• _REQUIRED WORK_:
Starting with the line that contains "Task: Click on", repeat exactly every line through the last one in the records below, and leave out the pictures.

(Records from a data source)
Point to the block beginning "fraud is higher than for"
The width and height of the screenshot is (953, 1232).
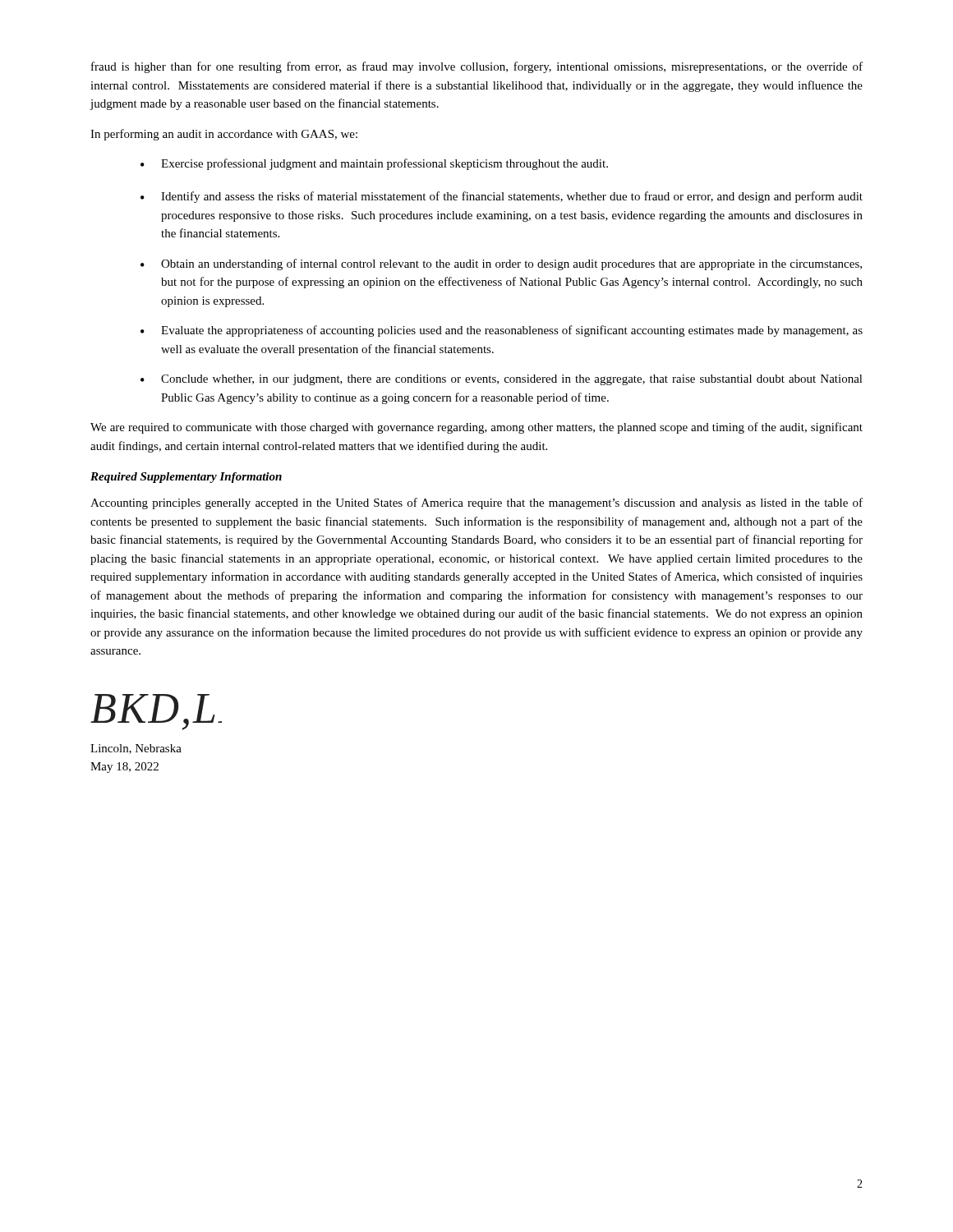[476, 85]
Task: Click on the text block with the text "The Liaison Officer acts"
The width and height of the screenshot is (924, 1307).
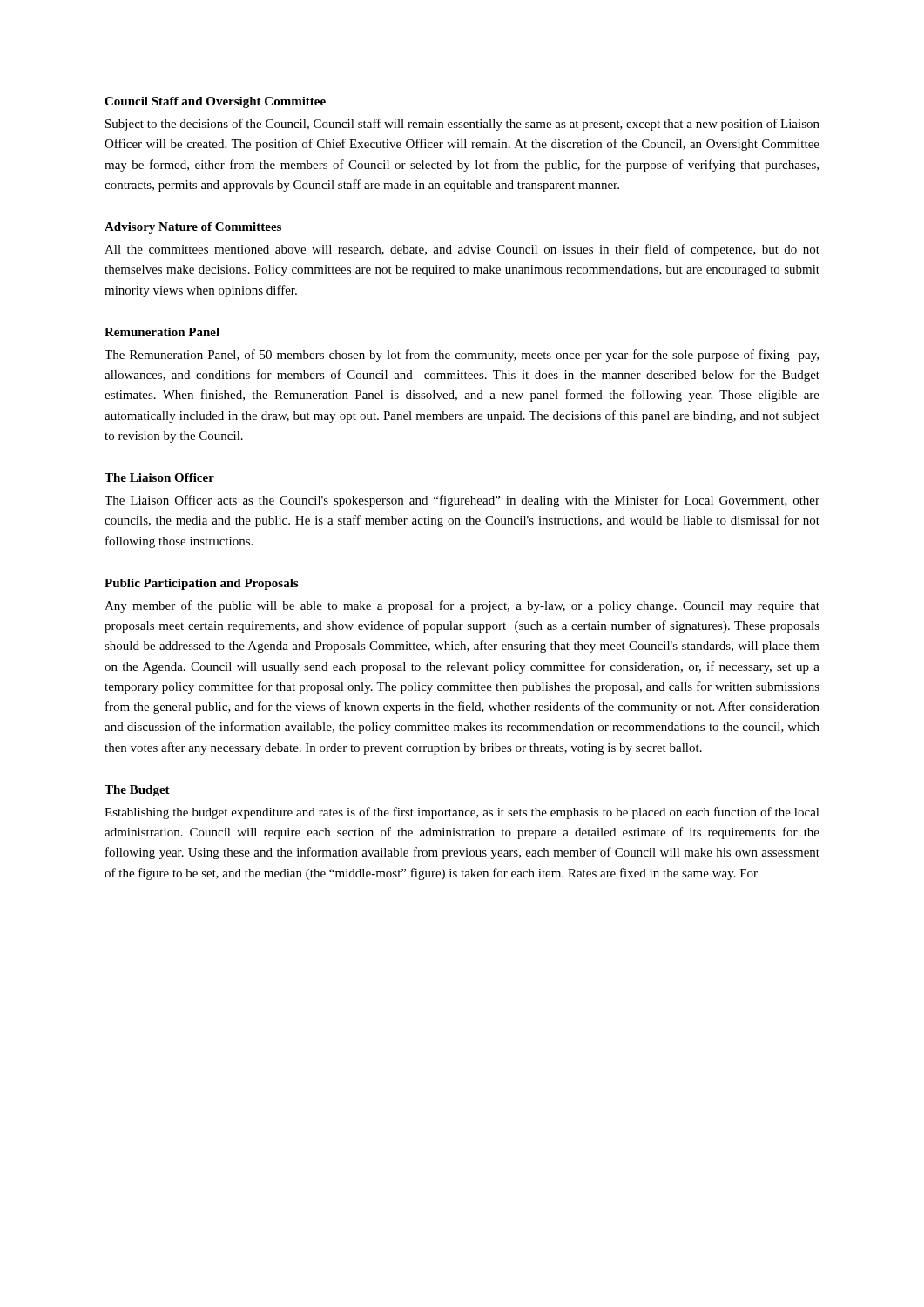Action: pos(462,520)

• _OUTPUT OF THE TASK_:
Task: Click on the text block with the text "The Liaison Officer acts"
The width and height of the screenshot is (924, 1307).
Action: pos(462,520)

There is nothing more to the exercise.